Nov 16 2021, 10:43 pm

BC’s Search and Rescue (SAR) teams that usually field calls about lost hikers on backcountry trails are facing a slew of new assignments this week helping people trapped by flooding.

“This was a bit of an unprecedented event,” Dwight Yochim, senior manager with the BC SAR Association, told Daily Hive.

Ridge Meadows Search and Rescue helped a person get out of their flooded home in Mission, BC on Monday night, with the team donning waterproof clothing and carrying an inflatable boat across the flooded street.

North Shore Rescue also used their longline skills to help people in flooded Abbotsford.

A record-breaking atmospheric river dumped a month’s worth of rain over Southern BC this weekend, causing mudslides that washed away highways and flooding that’s forced entire cities to be evacuated.

Over the last 48 hours, SAR teams have been called out to find people stuck up forest service roads in mountain passes, search for people carried away in mudslides, and airlift drivers out who were trapped between two landslides on Highway 7.

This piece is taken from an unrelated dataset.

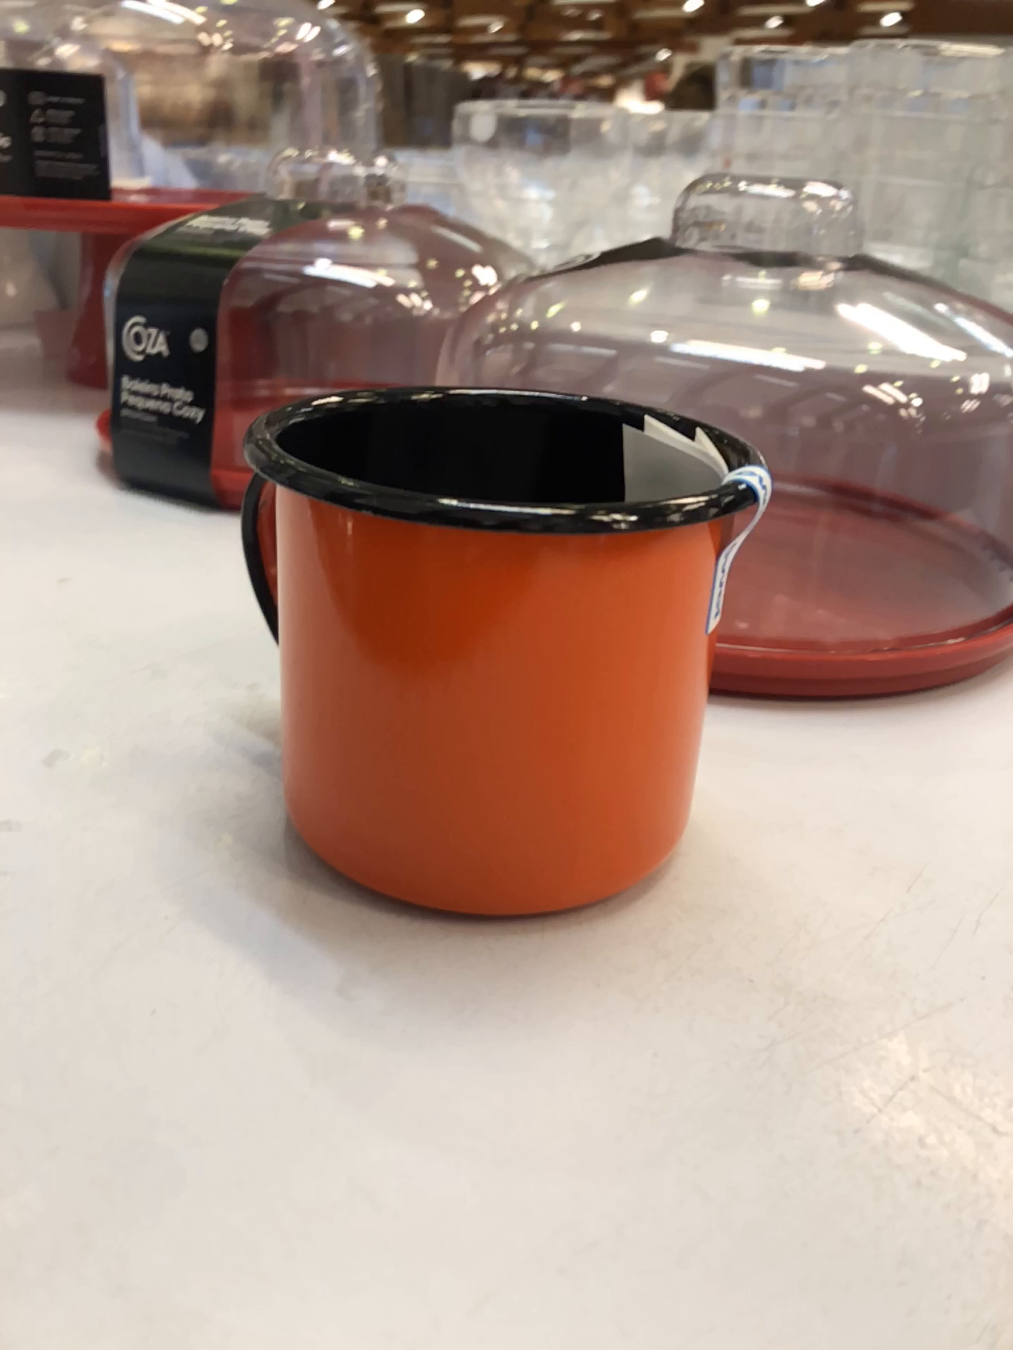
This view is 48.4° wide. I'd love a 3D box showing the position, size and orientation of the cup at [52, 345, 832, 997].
[{"bbox_3d":[-0.014,-0.014,0.209,0.110,0.069,0.080,23,32,37],"label":"cup"}]

That’s in addition to going door-to-door in the flooded Fraser Valley.

“Calls are coming in constantly,” Yochim said. “People aren’t just on the highways. They’re on the backroads trapped … there are now stories of cars being swept over some of the banks.”

He asked that stranded individuals and their relatives call 911 to be routed the closest appropriate emergency responders.

He also advised people not trust Google Maps or Apple Maps, because he’s heard they’re routing people up closed mountain roads with the major highways all closed.

“The Lower Mainland is cut off from the rest of the province. There’s no way out.”

He anticipates people will need help for many days to come, and calls will keep the province’s 3,000 SAR volunteers and paid rescuers very busy.